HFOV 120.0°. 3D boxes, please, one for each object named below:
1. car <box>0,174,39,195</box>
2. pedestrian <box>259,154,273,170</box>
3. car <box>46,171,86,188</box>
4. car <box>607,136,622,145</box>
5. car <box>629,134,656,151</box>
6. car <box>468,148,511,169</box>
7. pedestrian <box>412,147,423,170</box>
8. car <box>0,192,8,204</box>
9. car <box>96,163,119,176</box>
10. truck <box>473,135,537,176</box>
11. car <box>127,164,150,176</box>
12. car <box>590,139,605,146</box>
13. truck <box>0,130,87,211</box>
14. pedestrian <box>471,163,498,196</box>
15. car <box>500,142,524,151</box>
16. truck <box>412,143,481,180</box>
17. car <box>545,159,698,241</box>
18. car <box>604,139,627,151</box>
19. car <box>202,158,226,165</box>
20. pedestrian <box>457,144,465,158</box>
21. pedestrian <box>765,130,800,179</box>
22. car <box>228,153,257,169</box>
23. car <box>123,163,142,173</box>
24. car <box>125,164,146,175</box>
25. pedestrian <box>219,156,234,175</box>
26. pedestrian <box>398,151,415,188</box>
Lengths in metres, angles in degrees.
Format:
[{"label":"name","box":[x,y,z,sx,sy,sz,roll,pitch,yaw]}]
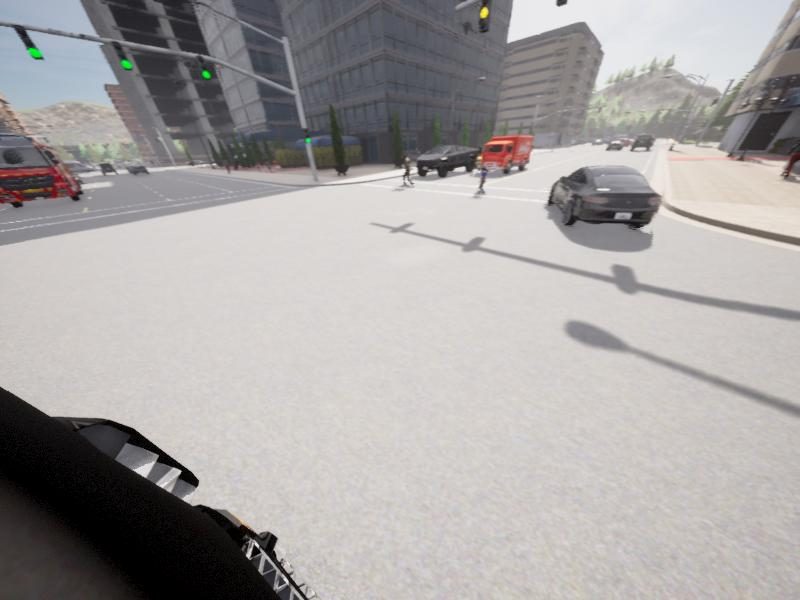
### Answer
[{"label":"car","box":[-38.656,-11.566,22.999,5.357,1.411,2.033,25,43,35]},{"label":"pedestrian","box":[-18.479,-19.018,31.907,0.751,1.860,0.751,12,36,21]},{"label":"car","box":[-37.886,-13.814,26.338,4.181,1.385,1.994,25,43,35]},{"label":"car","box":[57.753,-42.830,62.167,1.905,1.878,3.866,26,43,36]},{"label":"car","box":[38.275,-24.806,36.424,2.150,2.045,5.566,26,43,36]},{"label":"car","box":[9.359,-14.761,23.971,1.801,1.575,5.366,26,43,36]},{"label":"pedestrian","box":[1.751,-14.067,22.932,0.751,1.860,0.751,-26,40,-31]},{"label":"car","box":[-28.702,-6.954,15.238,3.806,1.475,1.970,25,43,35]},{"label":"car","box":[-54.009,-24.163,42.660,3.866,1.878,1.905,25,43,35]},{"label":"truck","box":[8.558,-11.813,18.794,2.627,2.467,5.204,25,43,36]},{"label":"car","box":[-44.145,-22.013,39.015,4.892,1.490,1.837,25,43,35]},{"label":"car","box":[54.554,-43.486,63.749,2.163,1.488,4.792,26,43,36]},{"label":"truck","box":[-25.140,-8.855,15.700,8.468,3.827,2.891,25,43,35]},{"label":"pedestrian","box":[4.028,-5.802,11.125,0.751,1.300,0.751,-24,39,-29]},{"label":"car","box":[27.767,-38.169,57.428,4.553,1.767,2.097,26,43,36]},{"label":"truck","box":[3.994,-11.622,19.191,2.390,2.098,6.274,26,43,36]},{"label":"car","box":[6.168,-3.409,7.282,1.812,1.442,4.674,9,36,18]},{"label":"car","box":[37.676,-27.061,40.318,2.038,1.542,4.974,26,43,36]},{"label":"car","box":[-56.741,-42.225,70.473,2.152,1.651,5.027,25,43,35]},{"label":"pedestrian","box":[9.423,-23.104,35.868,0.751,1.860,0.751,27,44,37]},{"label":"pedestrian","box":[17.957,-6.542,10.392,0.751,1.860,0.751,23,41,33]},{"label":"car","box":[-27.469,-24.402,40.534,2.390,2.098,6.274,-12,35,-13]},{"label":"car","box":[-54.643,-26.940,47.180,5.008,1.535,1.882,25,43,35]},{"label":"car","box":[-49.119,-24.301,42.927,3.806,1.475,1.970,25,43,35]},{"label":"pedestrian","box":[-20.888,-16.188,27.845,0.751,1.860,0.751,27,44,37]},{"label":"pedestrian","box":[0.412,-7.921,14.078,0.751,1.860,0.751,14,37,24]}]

^^^^^^^^

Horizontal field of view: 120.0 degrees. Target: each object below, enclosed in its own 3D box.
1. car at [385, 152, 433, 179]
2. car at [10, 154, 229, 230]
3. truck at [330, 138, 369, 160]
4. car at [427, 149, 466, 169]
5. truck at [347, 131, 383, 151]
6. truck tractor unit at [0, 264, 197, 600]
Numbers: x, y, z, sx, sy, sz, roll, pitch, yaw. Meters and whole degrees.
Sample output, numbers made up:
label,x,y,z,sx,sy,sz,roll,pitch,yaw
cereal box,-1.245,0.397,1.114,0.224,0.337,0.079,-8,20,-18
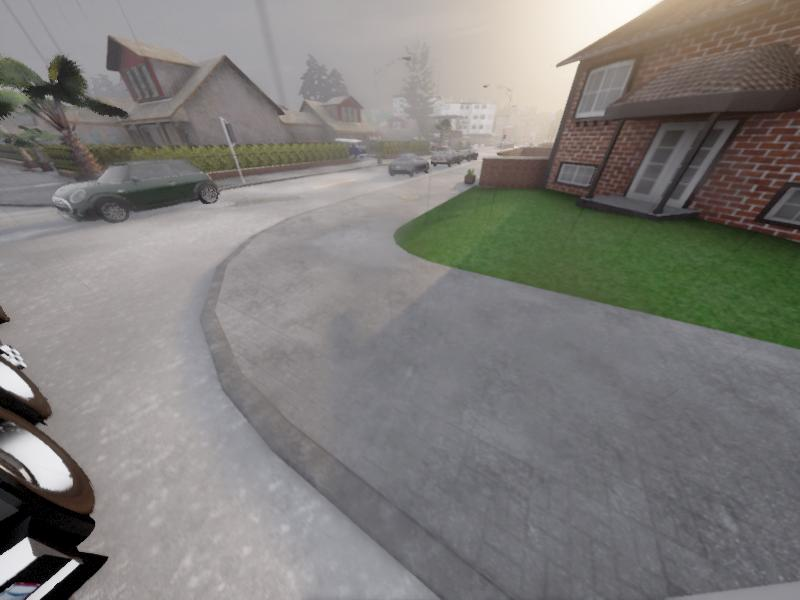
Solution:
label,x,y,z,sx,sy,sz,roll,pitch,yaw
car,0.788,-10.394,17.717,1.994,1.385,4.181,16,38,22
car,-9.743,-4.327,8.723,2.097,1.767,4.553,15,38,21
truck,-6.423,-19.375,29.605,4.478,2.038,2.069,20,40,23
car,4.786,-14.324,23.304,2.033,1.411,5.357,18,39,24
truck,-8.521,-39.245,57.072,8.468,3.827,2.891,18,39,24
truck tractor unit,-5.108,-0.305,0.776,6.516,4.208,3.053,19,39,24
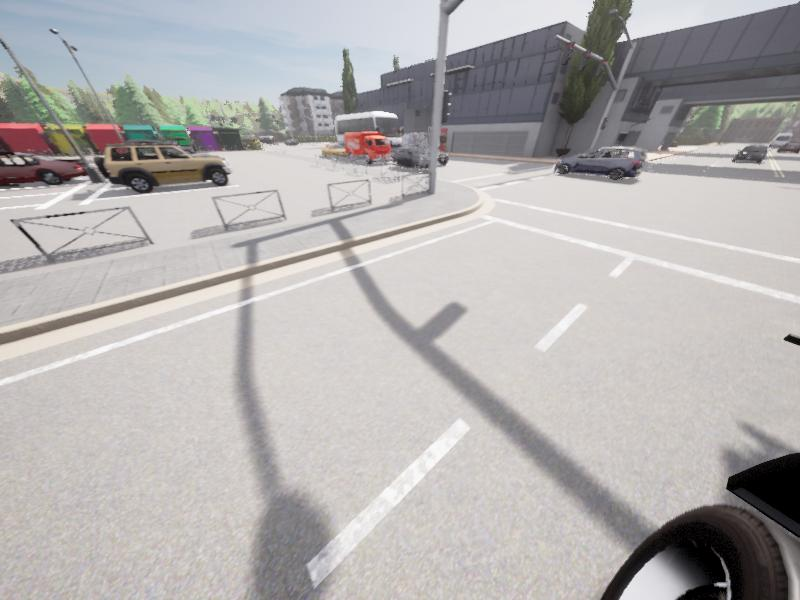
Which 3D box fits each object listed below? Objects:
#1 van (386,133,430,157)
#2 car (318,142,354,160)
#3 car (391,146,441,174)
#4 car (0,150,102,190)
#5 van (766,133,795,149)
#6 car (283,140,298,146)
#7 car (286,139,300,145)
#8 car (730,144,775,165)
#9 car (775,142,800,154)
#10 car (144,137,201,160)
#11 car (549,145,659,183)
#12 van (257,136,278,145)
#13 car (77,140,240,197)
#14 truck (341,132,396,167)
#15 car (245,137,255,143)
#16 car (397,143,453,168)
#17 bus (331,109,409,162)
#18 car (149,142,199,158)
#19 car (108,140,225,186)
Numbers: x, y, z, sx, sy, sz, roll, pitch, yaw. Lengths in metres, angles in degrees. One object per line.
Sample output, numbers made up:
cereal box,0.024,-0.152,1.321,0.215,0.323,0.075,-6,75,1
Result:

^^^^^^^^

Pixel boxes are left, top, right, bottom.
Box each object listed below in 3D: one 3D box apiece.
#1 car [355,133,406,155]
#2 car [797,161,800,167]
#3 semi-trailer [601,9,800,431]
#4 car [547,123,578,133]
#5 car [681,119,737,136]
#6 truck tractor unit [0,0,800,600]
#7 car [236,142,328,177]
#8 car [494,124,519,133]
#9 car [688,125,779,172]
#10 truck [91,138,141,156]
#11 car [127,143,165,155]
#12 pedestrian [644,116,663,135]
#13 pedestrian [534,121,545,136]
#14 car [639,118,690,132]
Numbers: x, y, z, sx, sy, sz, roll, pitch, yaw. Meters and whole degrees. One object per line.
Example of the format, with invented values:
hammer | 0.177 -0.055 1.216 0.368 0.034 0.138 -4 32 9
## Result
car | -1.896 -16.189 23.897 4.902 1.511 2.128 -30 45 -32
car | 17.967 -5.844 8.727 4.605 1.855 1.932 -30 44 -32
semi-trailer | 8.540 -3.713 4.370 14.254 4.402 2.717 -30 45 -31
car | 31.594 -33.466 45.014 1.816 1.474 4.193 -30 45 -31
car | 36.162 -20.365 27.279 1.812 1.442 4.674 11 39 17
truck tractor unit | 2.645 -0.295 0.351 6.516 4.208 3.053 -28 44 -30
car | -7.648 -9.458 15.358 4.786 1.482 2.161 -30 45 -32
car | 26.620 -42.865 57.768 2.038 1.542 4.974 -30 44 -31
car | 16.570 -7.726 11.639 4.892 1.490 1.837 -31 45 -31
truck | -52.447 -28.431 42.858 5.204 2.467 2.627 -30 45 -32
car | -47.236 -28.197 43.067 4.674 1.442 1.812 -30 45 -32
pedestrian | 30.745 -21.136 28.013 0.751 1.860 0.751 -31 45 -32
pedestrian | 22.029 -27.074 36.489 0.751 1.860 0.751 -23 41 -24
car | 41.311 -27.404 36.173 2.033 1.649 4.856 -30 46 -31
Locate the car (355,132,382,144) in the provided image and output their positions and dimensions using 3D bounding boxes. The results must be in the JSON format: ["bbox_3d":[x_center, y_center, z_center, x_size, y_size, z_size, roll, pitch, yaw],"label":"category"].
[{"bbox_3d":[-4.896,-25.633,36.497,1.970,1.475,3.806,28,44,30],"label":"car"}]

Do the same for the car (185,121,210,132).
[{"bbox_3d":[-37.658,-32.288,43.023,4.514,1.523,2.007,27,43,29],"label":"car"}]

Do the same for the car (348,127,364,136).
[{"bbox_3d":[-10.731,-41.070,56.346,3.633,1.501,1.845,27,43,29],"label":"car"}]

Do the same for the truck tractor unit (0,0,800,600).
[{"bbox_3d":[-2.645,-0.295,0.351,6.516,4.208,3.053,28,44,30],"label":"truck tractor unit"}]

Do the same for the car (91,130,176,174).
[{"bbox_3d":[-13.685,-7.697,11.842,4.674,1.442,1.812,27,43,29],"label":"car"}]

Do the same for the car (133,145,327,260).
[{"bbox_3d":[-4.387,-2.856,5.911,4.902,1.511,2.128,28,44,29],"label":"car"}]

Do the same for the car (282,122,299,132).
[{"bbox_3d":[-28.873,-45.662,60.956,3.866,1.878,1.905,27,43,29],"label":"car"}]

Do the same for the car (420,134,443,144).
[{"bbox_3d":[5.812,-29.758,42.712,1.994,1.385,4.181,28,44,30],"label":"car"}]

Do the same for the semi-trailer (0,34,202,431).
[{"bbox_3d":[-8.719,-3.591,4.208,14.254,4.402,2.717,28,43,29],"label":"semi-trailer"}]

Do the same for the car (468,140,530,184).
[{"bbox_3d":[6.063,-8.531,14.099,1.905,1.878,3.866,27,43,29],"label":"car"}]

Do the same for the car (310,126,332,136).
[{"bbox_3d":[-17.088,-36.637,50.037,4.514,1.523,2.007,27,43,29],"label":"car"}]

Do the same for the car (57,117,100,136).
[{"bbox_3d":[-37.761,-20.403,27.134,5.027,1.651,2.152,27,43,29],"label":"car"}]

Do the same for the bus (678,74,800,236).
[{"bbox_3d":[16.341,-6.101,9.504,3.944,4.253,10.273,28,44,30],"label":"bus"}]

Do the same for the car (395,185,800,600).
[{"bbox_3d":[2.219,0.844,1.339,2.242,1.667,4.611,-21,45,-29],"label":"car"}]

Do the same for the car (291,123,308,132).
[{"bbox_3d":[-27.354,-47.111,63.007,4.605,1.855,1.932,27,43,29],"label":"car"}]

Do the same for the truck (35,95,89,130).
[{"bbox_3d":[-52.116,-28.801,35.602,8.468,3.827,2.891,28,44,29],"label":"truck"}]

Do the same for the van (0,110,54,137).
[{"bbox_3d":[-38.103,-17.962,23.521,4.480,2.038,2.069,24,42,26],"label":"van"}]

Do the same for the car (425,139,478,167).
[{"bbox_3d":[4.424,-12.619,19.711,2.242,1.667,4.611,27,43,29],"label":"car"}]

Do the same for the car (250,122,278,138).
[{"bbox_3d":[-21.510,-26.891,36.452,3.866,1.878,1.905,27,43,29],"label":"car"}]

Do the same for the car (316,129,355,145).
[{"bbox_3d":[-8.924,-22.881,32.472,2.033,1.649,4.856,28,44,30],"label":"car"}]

^^^^^^^^

# EXERCISE DESCRIPTION
From the data, work out how many lines include the word "cereal"; the reply is that number and nothing else.

# ANSWER SECTION
2